There is hope but you're going to have to keep a close eye on this doctor. Looks like you'll be able to teach him a lot. Graves cannot be diagnosed from a scan. A scan can only give you a kinda blurry picture of the thyroid, tell you whether it's hot or cold, homogeneous or inhomogeneous and whether it contains nodules. I was told I had graves based on a radiologist's diagnosis from a scan. Wrong. I do not have graves. Radiologists have no business making a final diagnosis. There job is to report what they see and possibly suggest further testing based on what they think if their opinion is asked for.
Graves is diagnosed based on antibodies. TSI or TSAb's are the most specific tests for graves.

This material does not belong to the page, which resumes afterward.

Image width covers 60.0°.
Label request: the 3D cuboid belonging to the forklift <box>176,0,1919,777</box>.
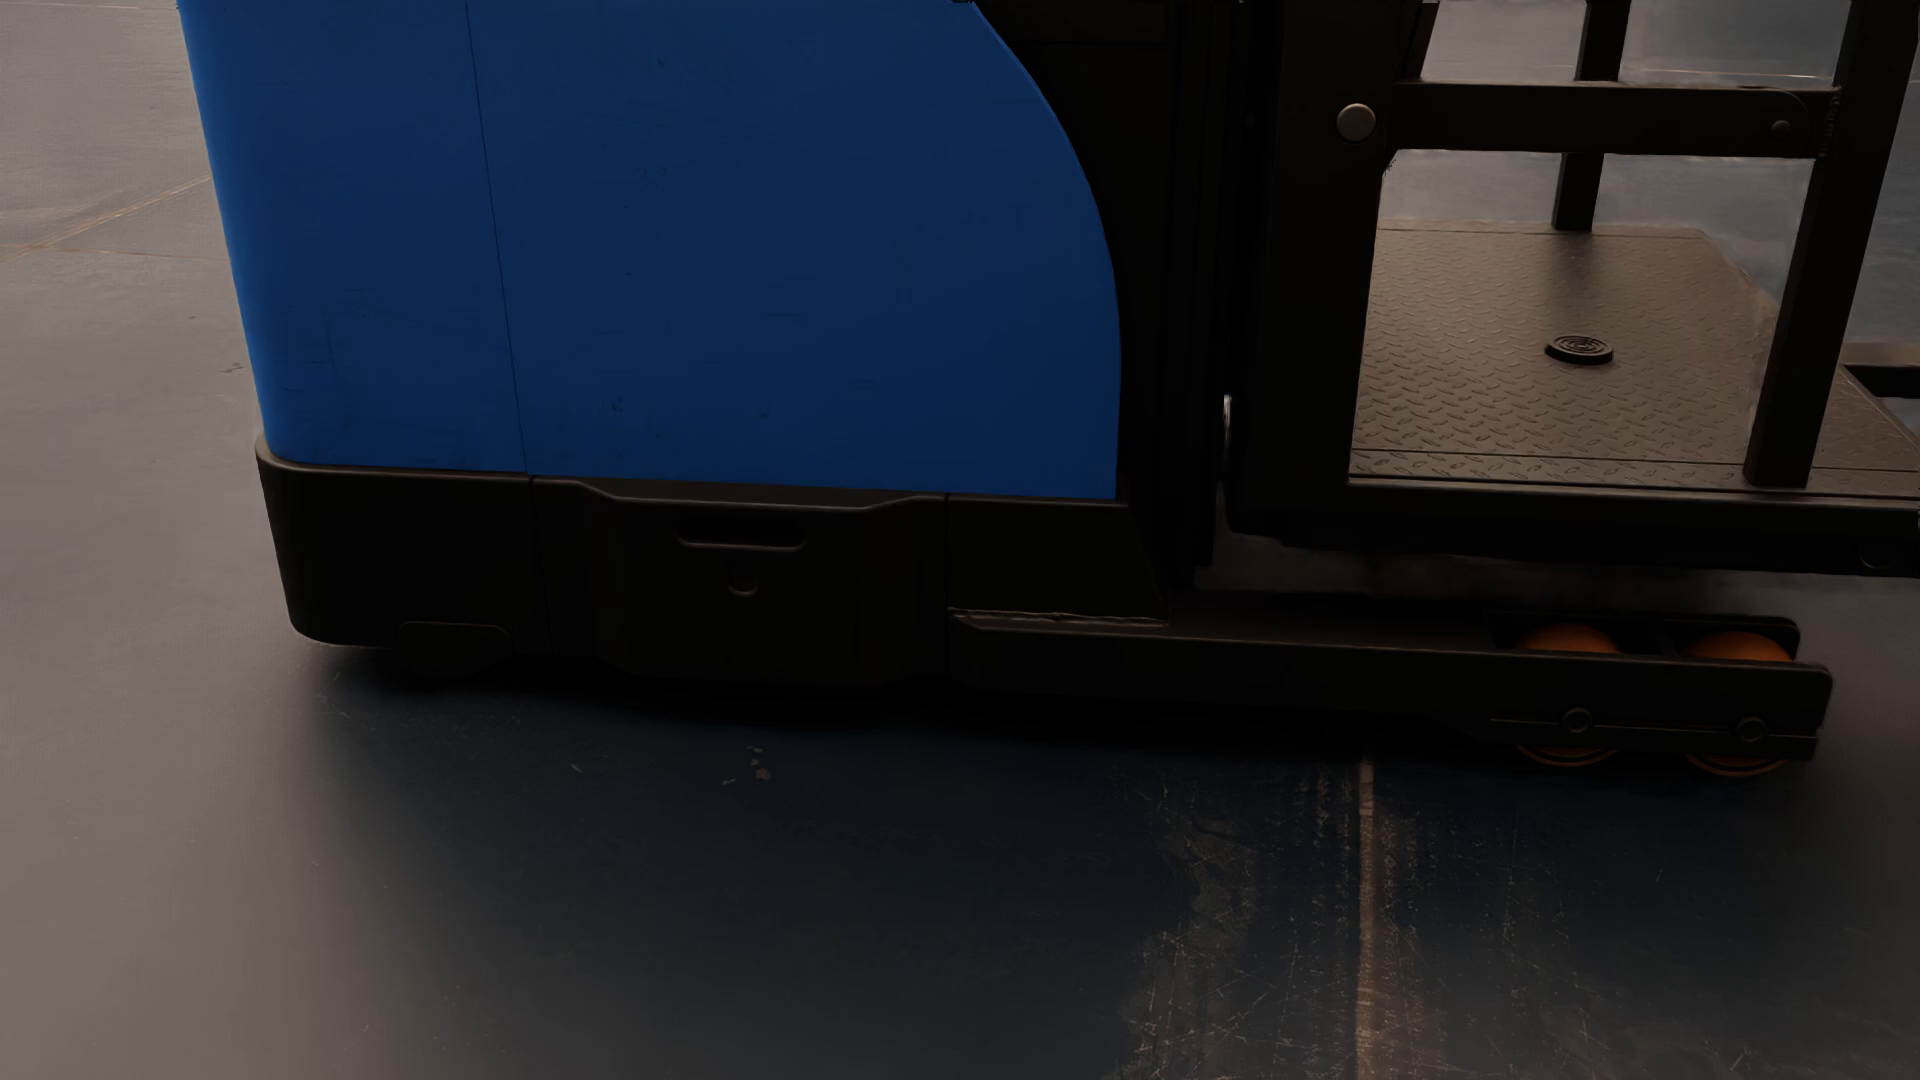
[{"bbox_3d":[0.680,-1.284,1.791,3.031,2.935,1.130,3,27,5],"label":"forklift"}]

A few people with graves also have TPO and/or thyroglobulin antibodies, which, if the doc's willing to order, aren't a bad idea to have too.

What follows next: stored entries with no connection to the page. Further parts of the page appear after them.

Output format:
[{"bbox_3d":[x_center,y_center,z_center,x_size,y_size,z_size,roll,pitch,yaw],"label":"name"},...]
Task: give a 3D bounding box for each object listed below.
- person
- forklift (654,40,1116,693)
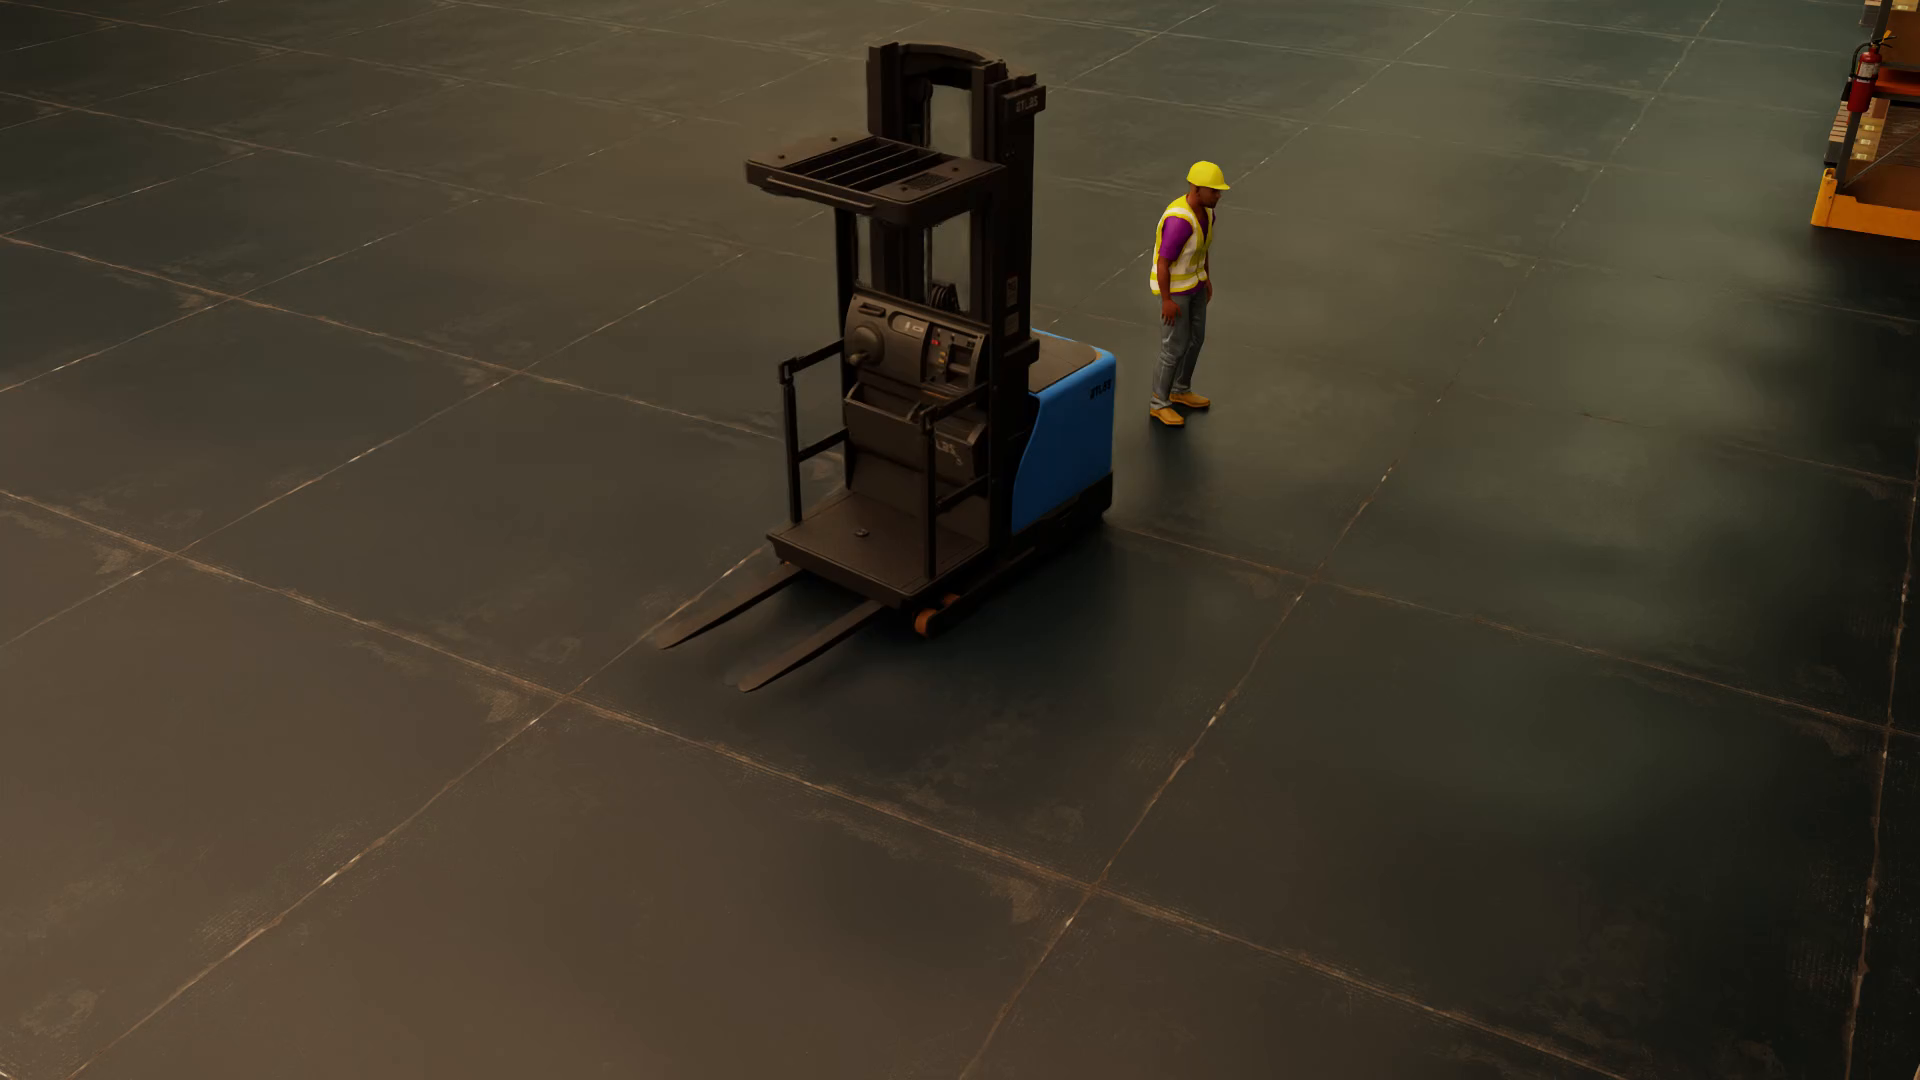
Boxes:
[{"bbox_3d":[1.522,-1.678,11.154,0.460,1.759,0.630,19,35,30],"label":"person"},{"bbox_3d":[-0.382,-1.016,8.830,1.130,2.935,3.031,22,36,33],"label":"forklift"}]

Minus any nodules, the three most possible diagnosis are graves, post-partum thyroiditis or the hyper phase of hashimoto's thyroiditis. If your doctor would run a TSI antibody test and a TPO antibody test, it would narrow things down even further. It would give you an idea of what you're looking at down the road and tell you if anti-thyroid meds are appropriate or whether beta blockers alone should be used. It wouldn't hurt to start the anti-thyroid meds regardless but it would be better if you knew for sure what you're dealing with.

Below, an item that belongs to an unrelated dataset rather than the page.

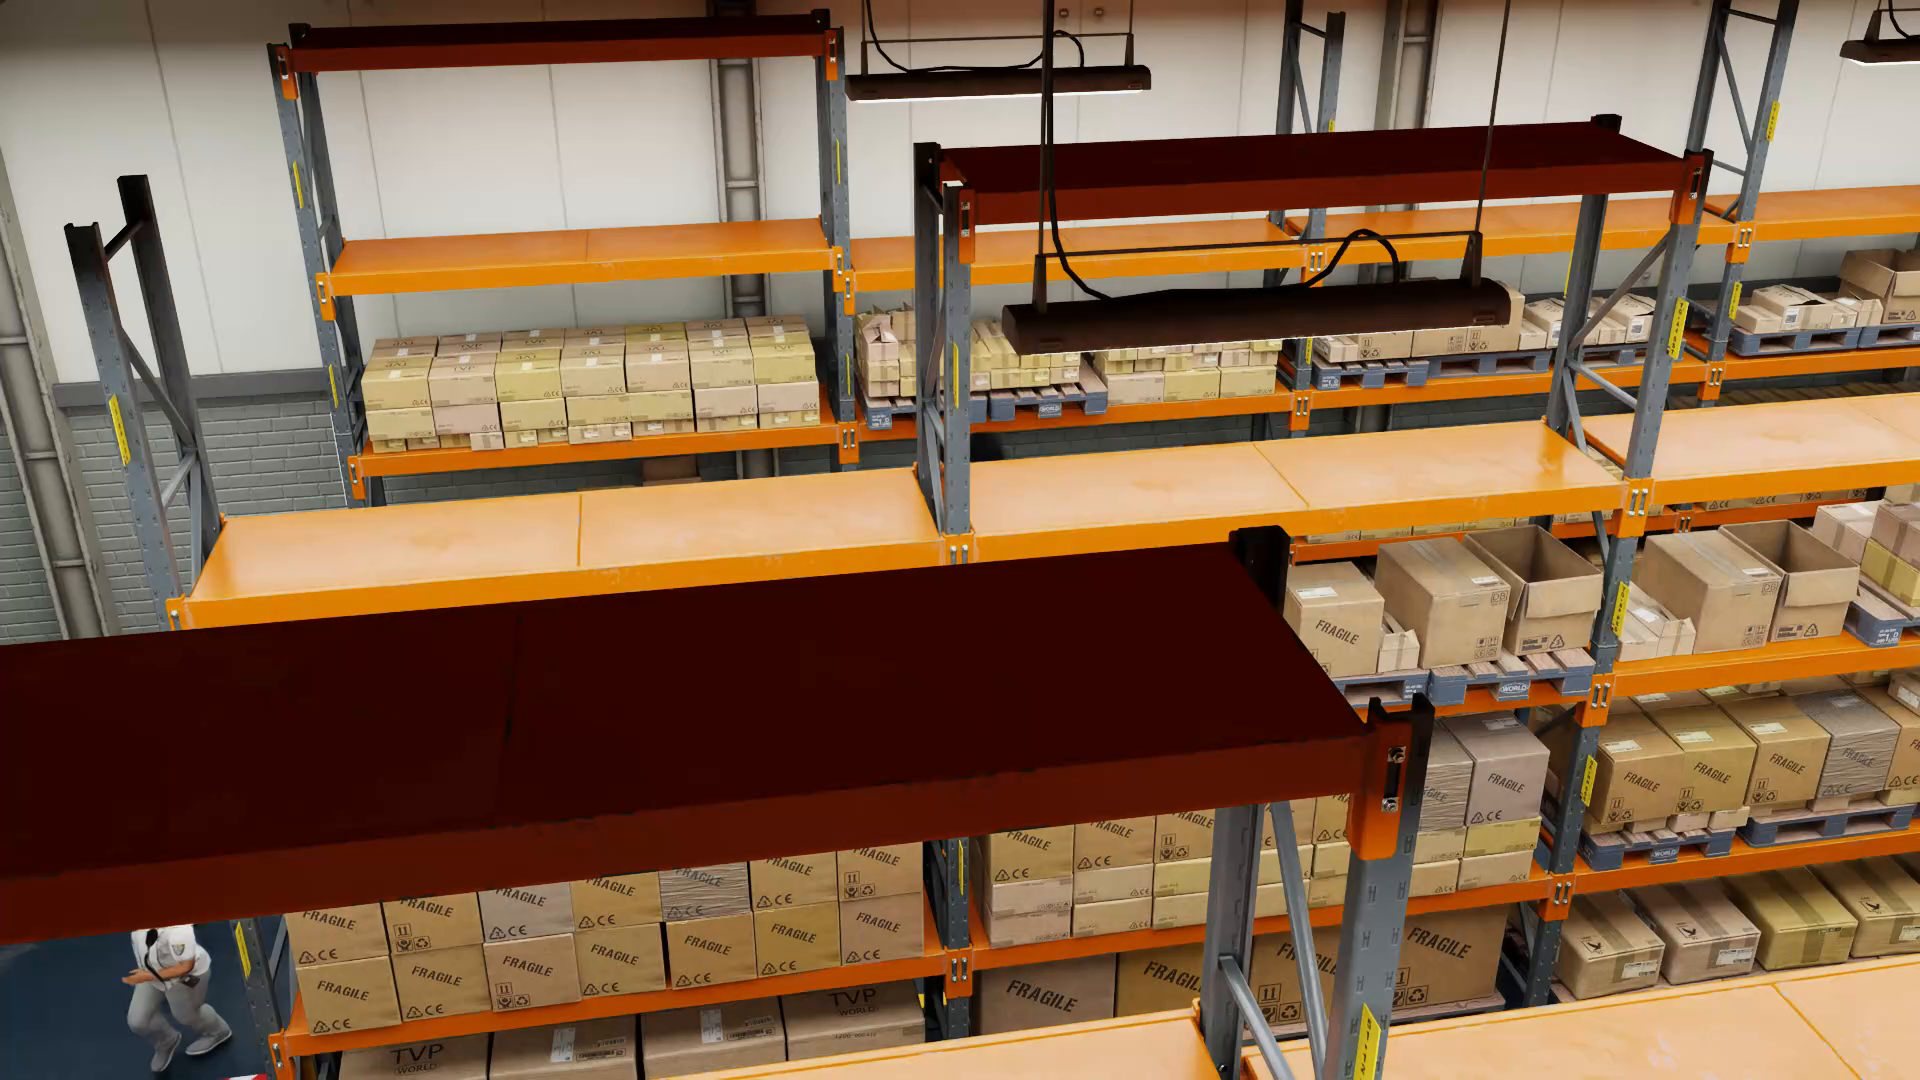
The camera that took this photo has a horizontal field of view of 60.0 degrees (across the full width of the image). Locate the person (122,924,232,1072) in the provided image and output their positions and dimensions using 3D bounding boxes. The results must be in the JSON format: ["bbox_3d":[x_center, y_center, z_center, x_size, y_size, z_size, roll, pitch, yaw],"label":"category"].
[{"bbox_3d":[-5.045,2.795,10.674,0.649,1.676,0.633,15,30,29],"label":"person"}]

When you report lab results, it helps if you also put the lab reference ranges for the lab that ran the test so that the results can be put in perspective. Each lab can have slightly different ranges and what's normal for one lab may not be the same at another.
There's only two approved meds for treating hyper in the US. PTU's the other one but you have to take it more often so the docs almost always go for the one that's more convenient for the patient. I had a 50/50 chance of being right from the get-go.

Made me look pretty smart though, didn't it?
How are you taking the propranolol? One trick a gp passed on to me about beta blockers is that hypers require higher doses and more frequent dosing intervals than normal people do cause we metabolize it quicker. I had been prescribed like 40mg/day of the regular stuff by another doctor and he upped it to 160mg of the long acting stuff and split it into 80mg twice a day instead of once a day like it's supposed to be taken. It was like a miracle.